Food orders are locked into robot cargo compartments large enough to hold about four standard shopping bags.
Marble robots, the current generation named "Happy" and numbered, roll along sidewalks and cross streets at walking speeds, relying on lasers, cameras and other sensors to manoeuvre.
The technology involved is similar to that used in self-driving cars.
Marble also created three-dimensional digital maps of neighbourhoods where robots will be working
"This allows us to have the most intelligent and reliable robot that really knows its environment and is a bit socially aware so that it can have the right etiquette on the sidewalk and get around," Delaney said of combining sensors and maps.
Marble robots were designed to get around on their own, but they will have human escorts during the roll-out.
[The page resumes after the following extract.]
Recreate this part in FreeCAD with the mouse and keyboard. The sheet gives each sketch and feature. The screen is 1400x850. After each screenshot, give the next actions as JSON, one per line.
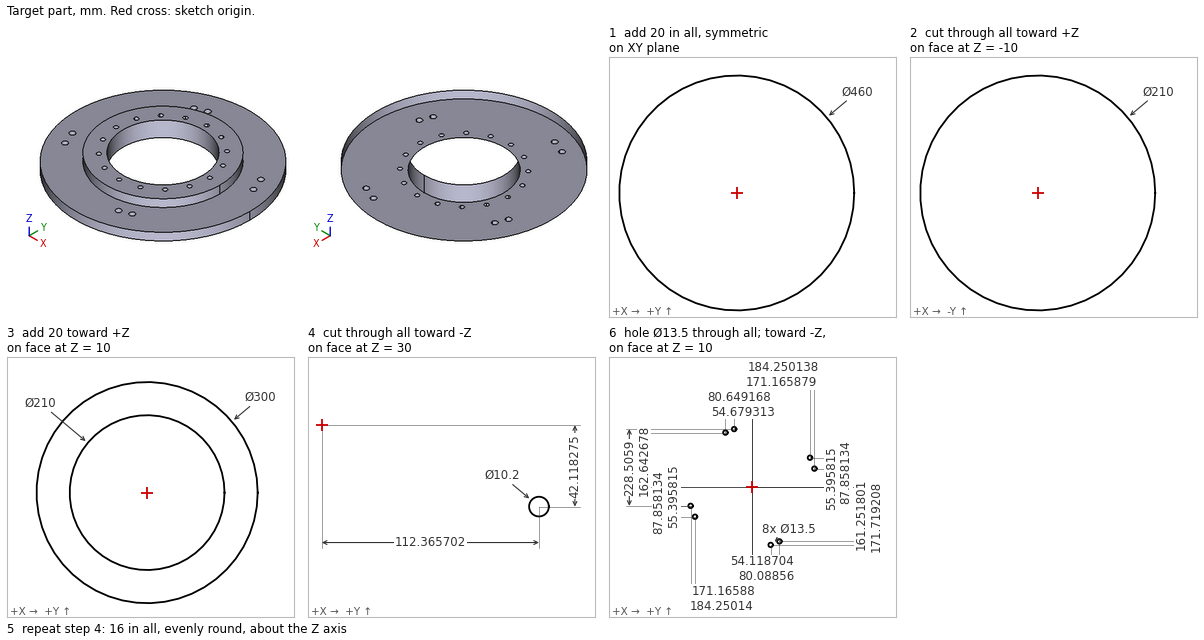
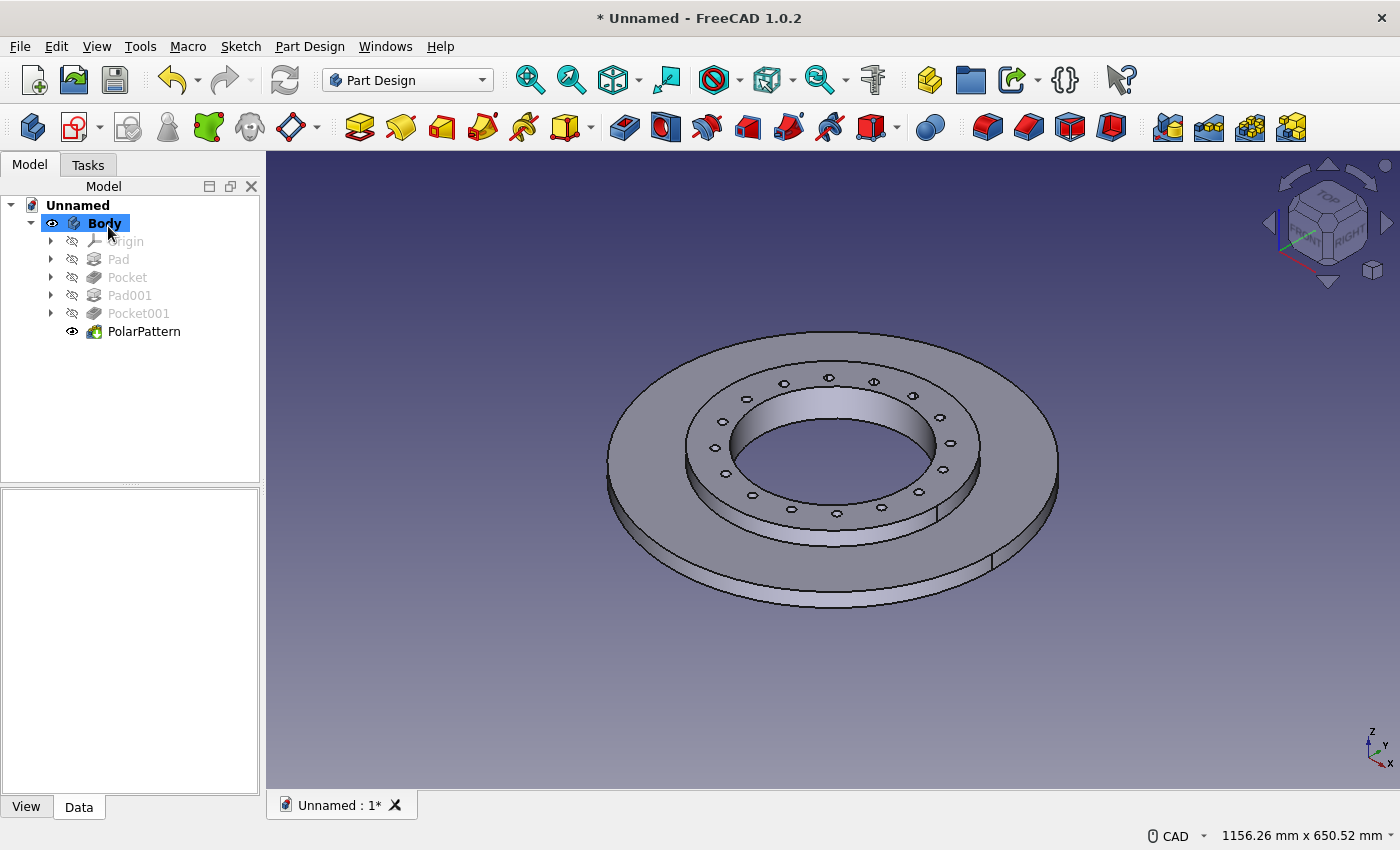
{"action": "left_click", "coordinate": [1015, 461]}
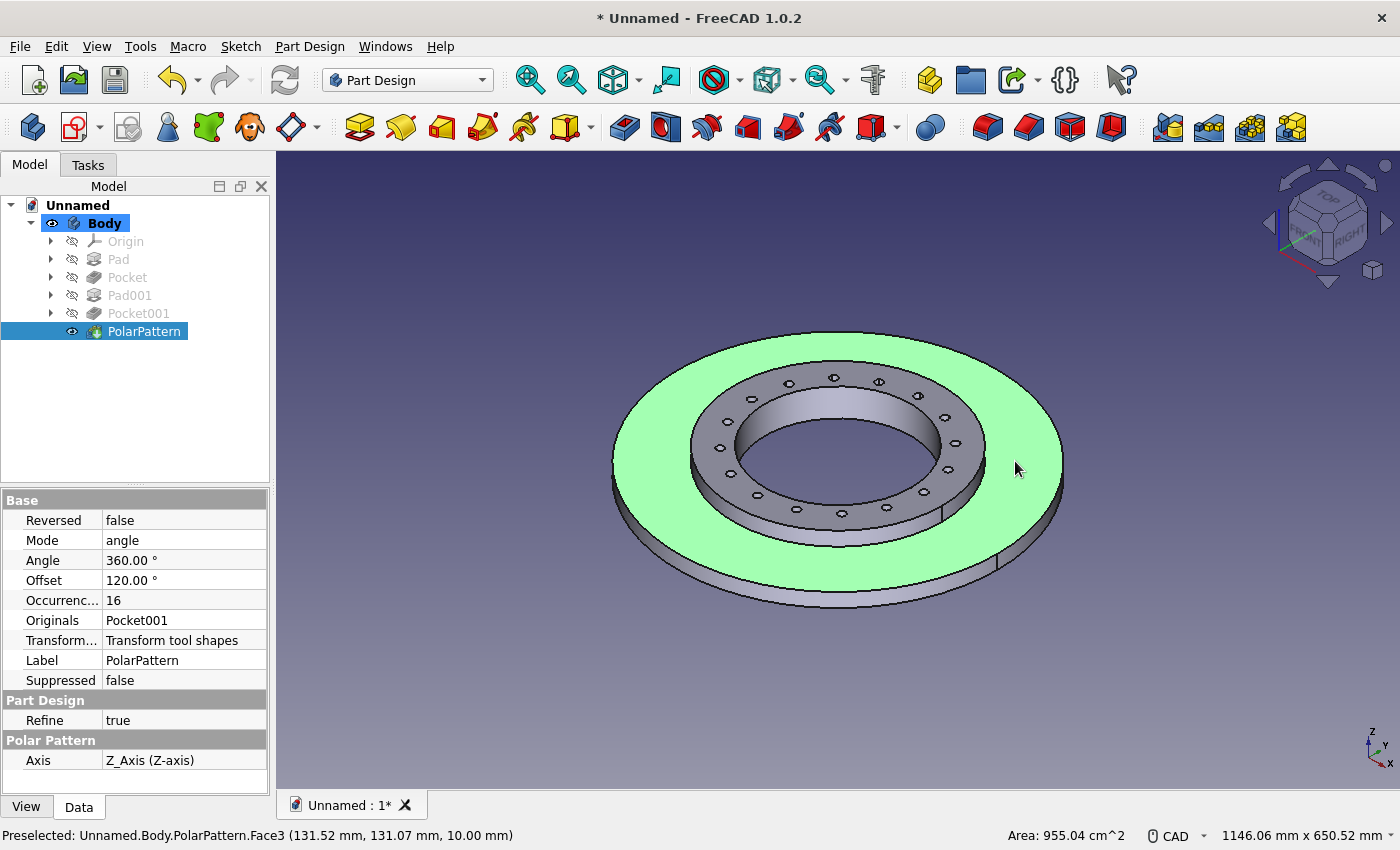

Robots are also wirelessly linked to operators who, from Marble's office, virtually ride along.
"We have basically eyes and ears there," Delaney said. "Operators can jump in at any time."
He described the robot cargo compartment as being as safe as a typical car trunk. When robots arrive with food orders, customers get text messages containing codes to enter on keypads to unlock lids.
Marble robots are built by the startup, which would not disclose how much they cost. A revenue model had yet to be put in place. The delivery service launched Wednesday was described as a step on the path to perfecting the robots.
The startup on Wednesday also announced it has raised $4 million in seed funding from investors including venture capital firms Eclipse, Maven Ventures and Amplify Partners.